- [RECORDS PROVIDED]:

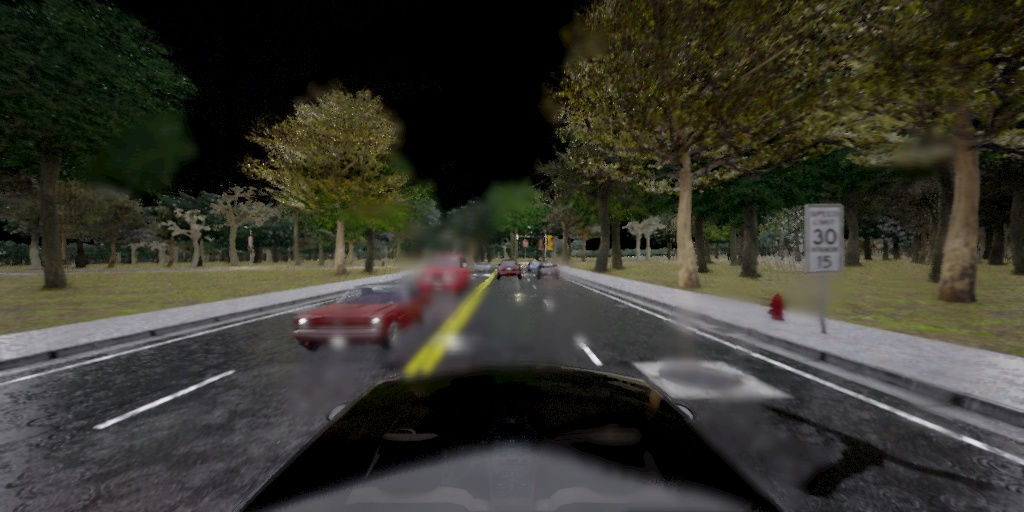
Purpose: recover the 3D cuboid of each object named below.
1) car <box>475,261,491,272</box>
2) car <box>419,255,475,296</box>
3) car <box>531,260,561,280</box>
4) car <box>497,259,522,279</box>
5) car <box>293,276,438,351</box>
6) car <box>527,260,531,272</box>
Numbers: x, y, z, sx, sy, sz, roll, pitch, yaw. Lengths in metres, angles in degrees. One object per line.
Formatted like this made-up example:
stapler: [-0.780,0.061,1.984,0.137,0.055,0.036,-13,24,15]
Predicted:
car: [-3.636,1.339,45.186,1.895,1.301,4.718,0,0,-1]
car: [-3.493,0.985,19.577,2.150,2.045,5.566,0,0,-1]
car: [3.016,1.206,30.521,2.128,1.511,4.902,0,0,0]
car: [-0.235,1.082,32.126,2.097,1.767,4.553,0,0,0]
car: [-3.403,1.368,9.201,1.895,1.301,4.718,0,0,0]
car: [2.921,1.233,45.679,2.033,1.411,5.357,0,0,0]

---

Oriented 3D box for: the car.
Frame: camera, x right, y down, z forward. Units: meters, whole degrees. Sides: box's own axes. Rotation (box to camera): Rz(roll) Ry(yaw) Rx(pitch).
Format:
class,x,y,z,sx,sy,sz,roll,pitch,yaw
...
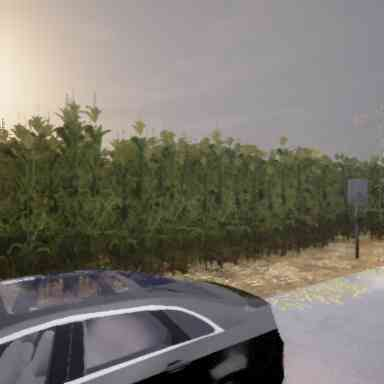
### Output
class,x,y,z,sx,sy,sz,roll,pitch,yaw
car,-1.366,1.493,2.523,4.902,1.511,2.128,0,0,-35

- [TASK STATEMENT]:
What lines in the listing contain "degrees"? Copy them all.

- [PROBLEM SOLUTION]:
Numbers: x, y, z, sx, sy, sz, roll, pitch, yaw. Lengths in metres, angles in degrees. One object per line.
Frame: camera, x right, y down, z forward. Units: meters, whole degrees. Sides: box's own axes. Rotation (box to camera): Rz(roll) Ry(yaw) Rx(pitch).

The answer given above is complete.